There are two additional possible problems with this. The first is
that if there is a maliciously fuzzed file system with timestamp
outside of ctimes outside of the ktime_t range, this will almost
certainly trigger UBSAN warnings, which will result in Syzkaller
security bugs reported to file system developers. This can be fixed
by explicitly and clamping ranges whenever converting to ktime_t in
include/linux/fs.h, but that leads to another problem.

The second problem is if the file system converts their on-disk inode
to the in-memory struct inode, and then converts it from the in-memory
to the on-disk inode format, and the timestamp is outside of the
ktime_t range, this could result the on-disk inode having its ctime
field getting corrupted. Now, *most* of the time, whenver the inode
needs to be written back to disk, the ctime field will be changed
anyway. However, if there are changes that don't result
userspace-visible changes, but involves internal file system changes
(for example, in case of an online repair or defrag, or a COW snap),
where the file system doesn't set ctime --- and in it's possible that
this might result in the ctime field messed.

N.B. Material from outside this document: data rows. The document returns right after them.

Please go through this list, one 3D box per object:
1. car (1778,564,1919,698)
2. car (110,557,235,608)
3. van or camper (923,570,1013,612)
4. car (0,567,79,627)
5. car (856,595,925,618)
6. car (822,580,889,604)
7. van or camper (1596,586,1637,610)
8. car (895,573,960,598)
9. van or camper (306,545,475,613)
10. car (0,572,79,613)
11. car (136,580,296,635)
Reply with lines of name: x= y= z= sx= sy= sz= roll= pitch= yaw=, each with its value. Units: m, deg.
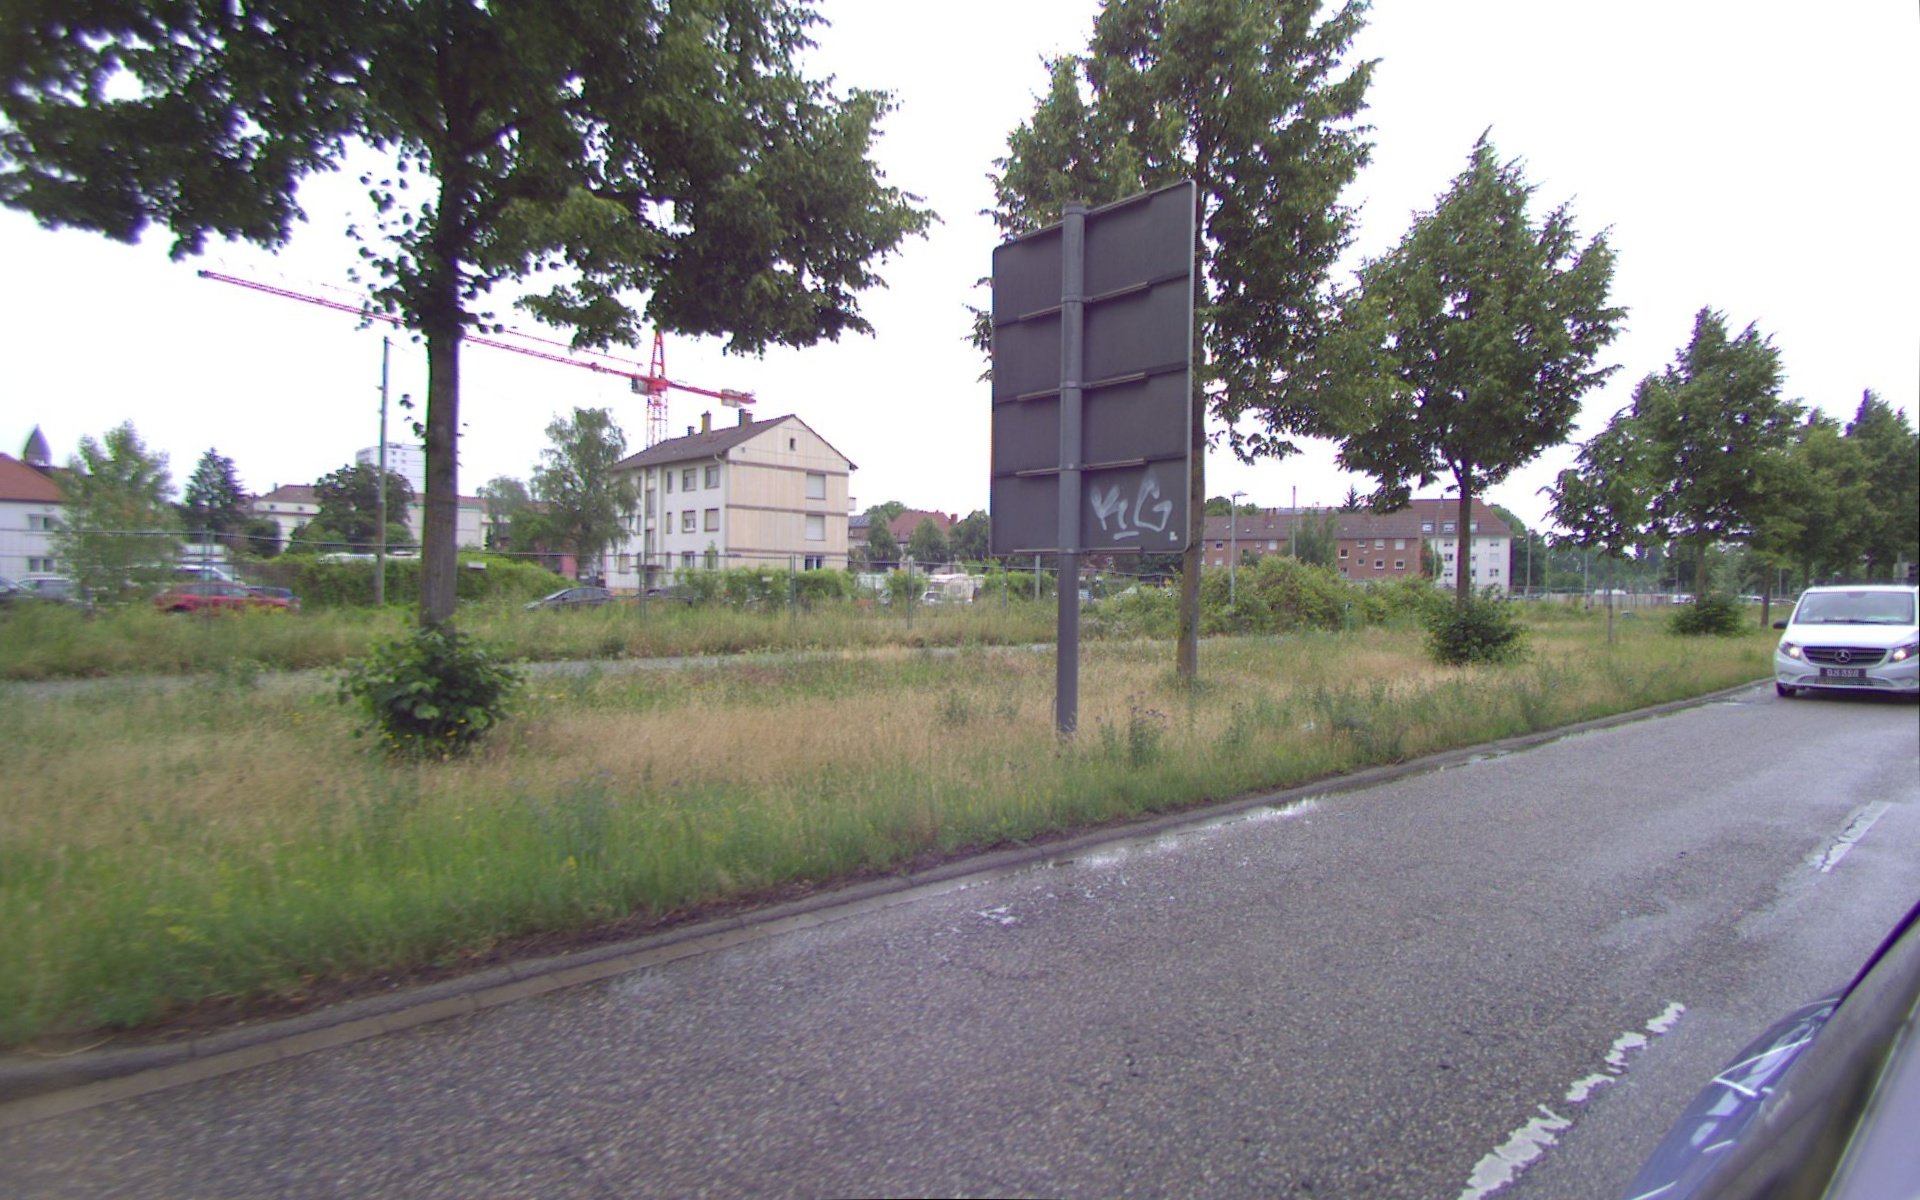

We could argue that ctime fields outside of the ktime_t range should
never, ever happen (except for malicious fuzz testing by systems like
syzkaller), and so it could be argued that we don't care(tm), but it's
worth at least a mention in the comments and commit description. Of
course, a file system which *did* care could work around the problem
by having their own copy of ctime in the file-specific inode, but this
would come at the cost of space saving benefits of this commit.

I'd suspect what I'd do is to add a manual check for an out of range
ctime on-disk, log a warning, and then clamp the ctime to the maximum
ktime_t value, which is what would be returned by stat(2), and then
write that clamped value back to disk if the ctime field doesn't get
set to the current time before it needs to be written back to disk.

Cheers,

- Ted